Welcome and enjoy the forum.


----------



## gooose53 (Sep 28, 2008)

Welcome to the SMF!!  I've got a Smokenator as well....very nice addition to my weber.


----------



## ronp (Sep 28, 2008)

Welcome aboard, you seem like an easy learner. Happy smokes.


----------



## bb53chevpro (Sep 28, 2008)

Welcome to the SMF family.


----------



## fatback joe (Sep 28, 2008)

Welcome to the forum.


----------



## flash (Sep 28, 2008)

Welcome aboard. From one Floridian to another.


----------



## okie joe (Sep 28, 2008)

Welcome Rastafas,Great sight i tell ya.Looks like your off to a good start...jump on in when ya can...glad to have ya join check out jeffs free 5 day course and get the news letter it all free.


----------



## bmudd14474 (Sep 28, 2008)

Welcome aboard. Glad that your getting good results.


----------



## cowgirl (Sep 28, 2008)

Welcome to the forum!!


----------



## waysideranch (Sep 28, 2008)

Welcome Rastafas.


----------



## richoso1 (Sep 28, 2008)

Welcome to the SMF, glad you're using the search option. Plenty of great info. here from some great folks.


----------



## chef_boy812 (Sep 28, 2008)

thanks for thr great compliments, and welcome. it sounds like you are on a great path to start.

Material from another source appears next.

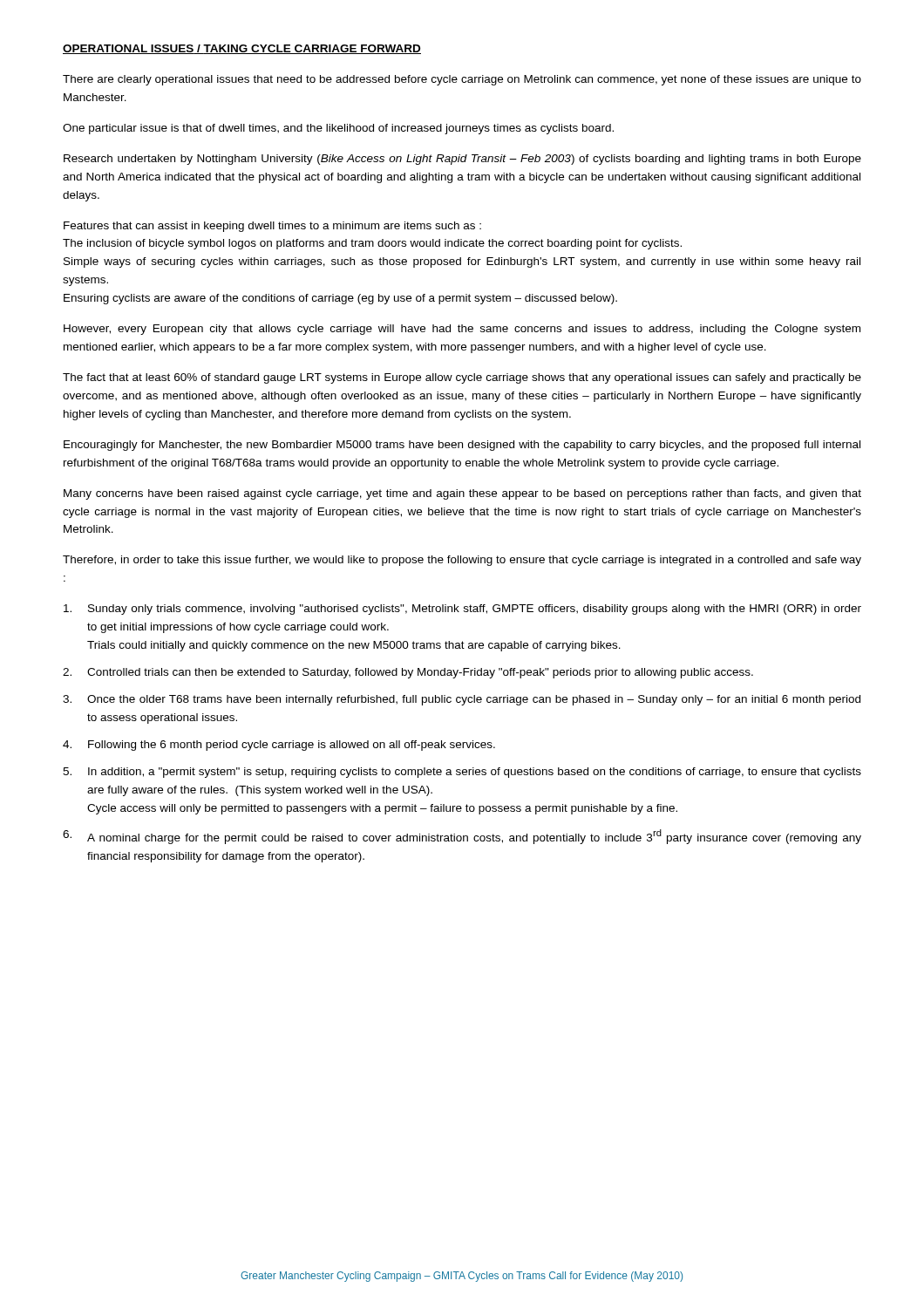The width and height of the screenshot is (924, 1308).
Task: Click on the block starting "3. Once the older T68 trams have"
Action: click(x=462, y=709)

good luck on that HONEY< LET"S GET A BIG SMOKER plan!


----------



## slickrat (Sep 28, 2008)

Hey Rasta, what part of South Fla do ya live in? I'm in Palmetto Bay, formerly known as Perrine (South Miami).


----------



## kratzx4 (Sep 28, 2008)

Welcome to the SMF family


----------



## rastafas (Sep 28, 2008)

SlickRat, I live north of Ft Lauderdale.  

This is the most helpful online community I've visited, and I've seen plenty. I've only used my smokenator 5 times so far, since I'm pretty much limited to smoking on the weekends, but I'm 4/5 on ending up with really tasty meat. Next weekend I'm going to try ribs.  The missus is really picky about ribs, so I've gotten used to temperature control quirks of the weber/smokenator combo with forgiving things like boston butts and chuckies.  My one bad smoke was a cheap hunk of pork loin I got too dry.  Nice flavor, but I think I trimmed too much fat before I rubbed it.

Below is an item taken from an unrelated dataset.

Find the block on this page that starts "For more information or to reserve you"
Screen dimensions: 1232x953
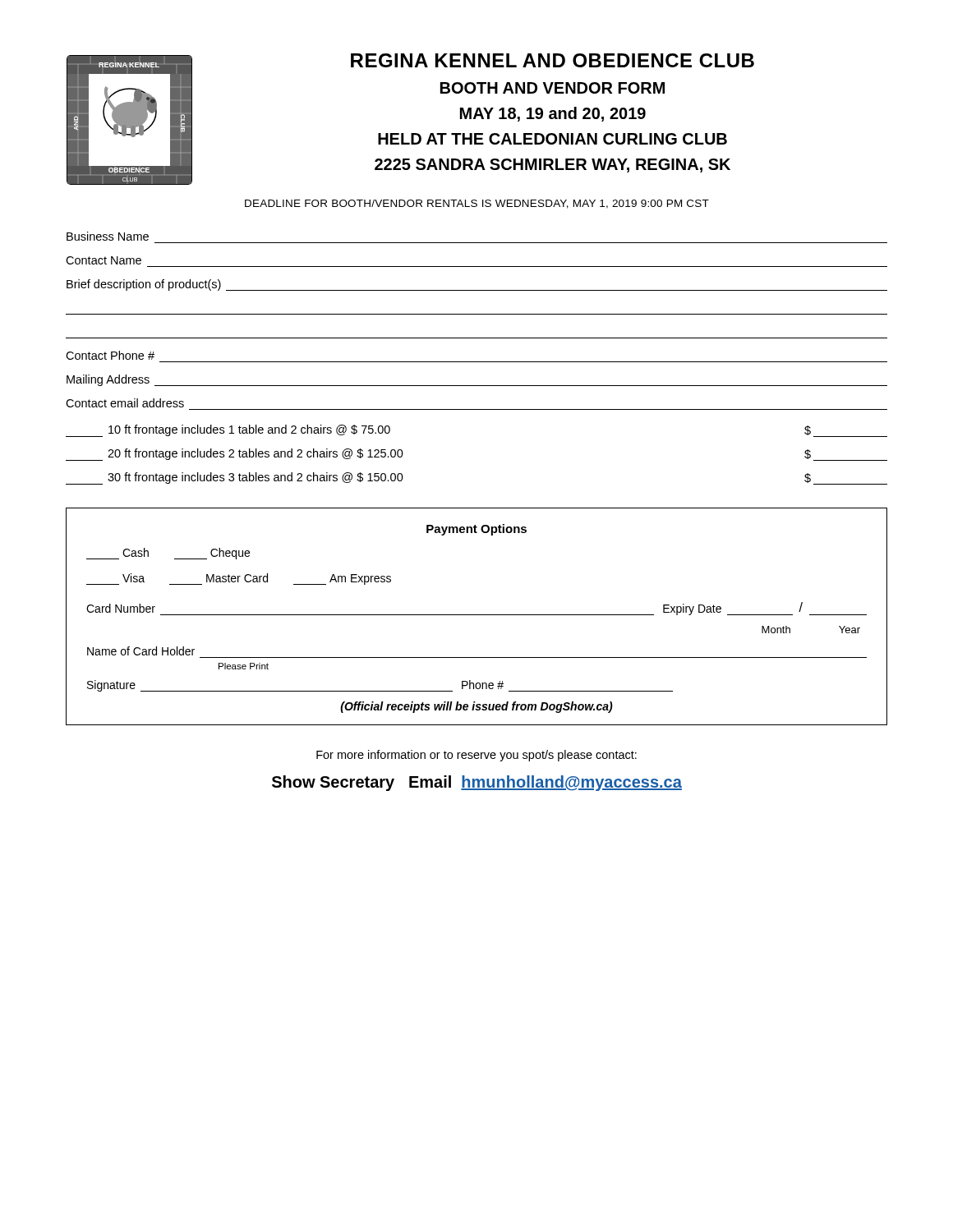click(x=476, y=755)

Last week when I did some some boston butts, I must have eaten a 1/4


----------



## rastafas (Sep 28, 2008)

Sorry about dupe post.


----------



## dingle (Sep 28, 2008)

Welcome to the forum Rasta!


----------



## oldschoolbbq (Sep 28, 2008)

Here's to ya! good luck on getting the wife(into it),and a good rule of thumd I ran across is, whatever type or size smoker you pick,go one size bigger. Sure glad I did, I can do anything from a small Butt or a rack of Ribs  to about 100lbs. at a time(some timing involved,but you know what I mean).Have fun and keep sweet talking the wife!LOL


----------



## goobi99 (Sep 28, 2008)

welccome to the smf from another  south floridian


----------



## crusty ol salt (Sep 28, 2008)

Is De-lurking a real word? Hoot, who cares welcome aboard


----------